Una impulsiva decisionalità che per certi versi ritrova la strada dell’estremismo lirico degli Apisonadora, non tanto per l’approccio musicale, quanto per il provocatorio intento filologico.

Il disco raccoglie idee, coraggio ed ironia in un calderone lessicale che si bilancia su di una perfetta armonizzazione appoggiata ad un convincente arrangiamento, capace di unire, senza troppi fronzoli, l’anima elettronica alle divergenze jazz dai classicismi edulcoranti.
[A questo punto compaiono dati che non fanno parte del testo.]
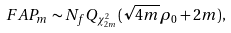Convert formula to latex. <formula><loc_0><loc_0><loc_500><loc_500>F A P _ { m } \sim N _ { f } Q _ { \chi ^ { 2 } _ { 2 m } } ( \sqrt { 4 m } \rho _ { 0 } + 2 m ) ,</formula> 
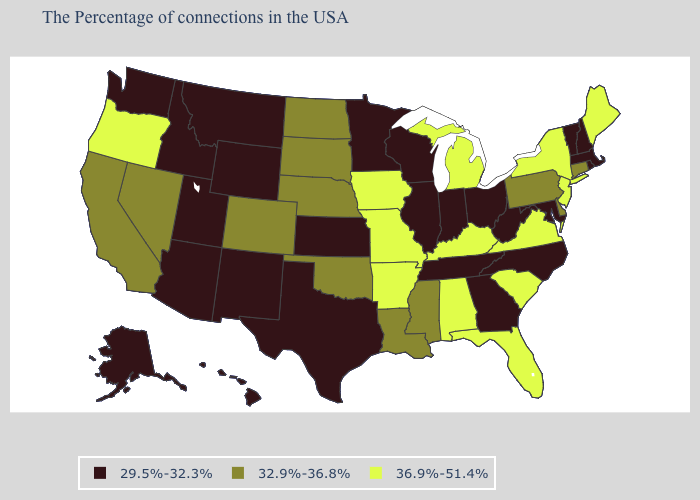Name the states that have a value in the range 36.9%-51.4%?
Give a very brief answer. Maine, New York, New Jersey, Virginia, South Carolina, Florida, Michigan, Kentucky, Alabama, Missouri, Arkansas, Iowa, Oregon. Name the states that have a value in the range 32.9%-36.8%?
Be succinct. Connecticut, Delaware, Pennsylvania, Mississippi, Louisiana, Nebraska, Oklahoma, South Dakota, North Dakota, Colorado, Nevada, California. Name the states that have a value in the range 29.5%-32.3%?
Quick response, please. Massachusetts, Rhode Island, New Hampshire, Vermont, Maryland, North Carolina, West Virginia, Ohio, Georgia, Indiana, Tennessee, Wisconsin, Illinois, Minnesota, Kansas, Texas, Wyoming, New Mexico, Utah, Montana, Arizona, Idaho, Washington, Alaska, Hawaii. Which states have the lowest value in the USA?
Short answer required. Massachusetts, Rhode Island, New Hampshire, Vermont, Maryland, North Carolina, West Virginia, Ohio, Georgia, Indiana, Tennessee, Wisconsin, Illinois, Minnesota, Kansas, Texas, Wyoming, New Mexico, Utah, Montana, Arizona, Idaho, Washington, Alaska, Hawaii. Among the states that border North Dakota , which have the lowest value?
Be succinct. Minnesota, Montana. What is the value of New York?
Give a very brief answer. 36.9%-51.4%. What is the value of Missouri?
Quick response, please. 36.9%-51.4%. What is the value of Vermont?
Concise answer only. 29.5%-32.3%. Does Florida have the highest value in the South?
Write a very short answer. Yes. What is the highest value in states that border Utah?
Give a very brief answer. 32.9%-36.8%. What is the lowest value in the USA?
Write a very short answer. 29.5%-32.3%. How many symbols are there in the legend?
Quick response, please. 3. What is the value of California?
Answer briefly. 32.9%-36.8%.

La poetica vivace delle sei tracce appare per lo più cupa, ricercata e metaforica, proprio come dimostrano i bridge che pongono i diversi racconti in comunicazione tra di loro. Un opera curiosa che convince a pieno solo dopo un plurimo ascolto, come dimostra l’introduttiva Humor 1, il cui attacco di chitarra (per sintomatologia armonica) sembra ricordare l’Everlast solista, per poi mutare con voce pulita verso piccoli interventi di una chitarra elettrica, sapientemente immersa in blande echi e impercettibili effetti vocali.

L’interessante intarsio della tromba definisce poi con il suo cambiamento aggiuntivo, l’introduzione al soffuso dolore narrato attraverso archi calmieranti, atti a trascinarci in un piacevole alterato stato di coscienza, in cui la sensazione onirica promuove un incontro tra classicismo velato ed accenni di elettronica, arrivando così a ridare all’ascoltatore un brano prettamente filmico. Una nera ed oscura visione sognante, che ben si sposa con la sua overture finale, caratterizzata da un saporito retrogusto retrò e da una continuazione sognate espressa sul finire da Humor 6.

Dunque…possiamo parlare di un disco particolare, che ricerca una progettazione tout court, innestando un iniziato processo di sinergia trans-artistica, definita attraverso una visione relativa delle note.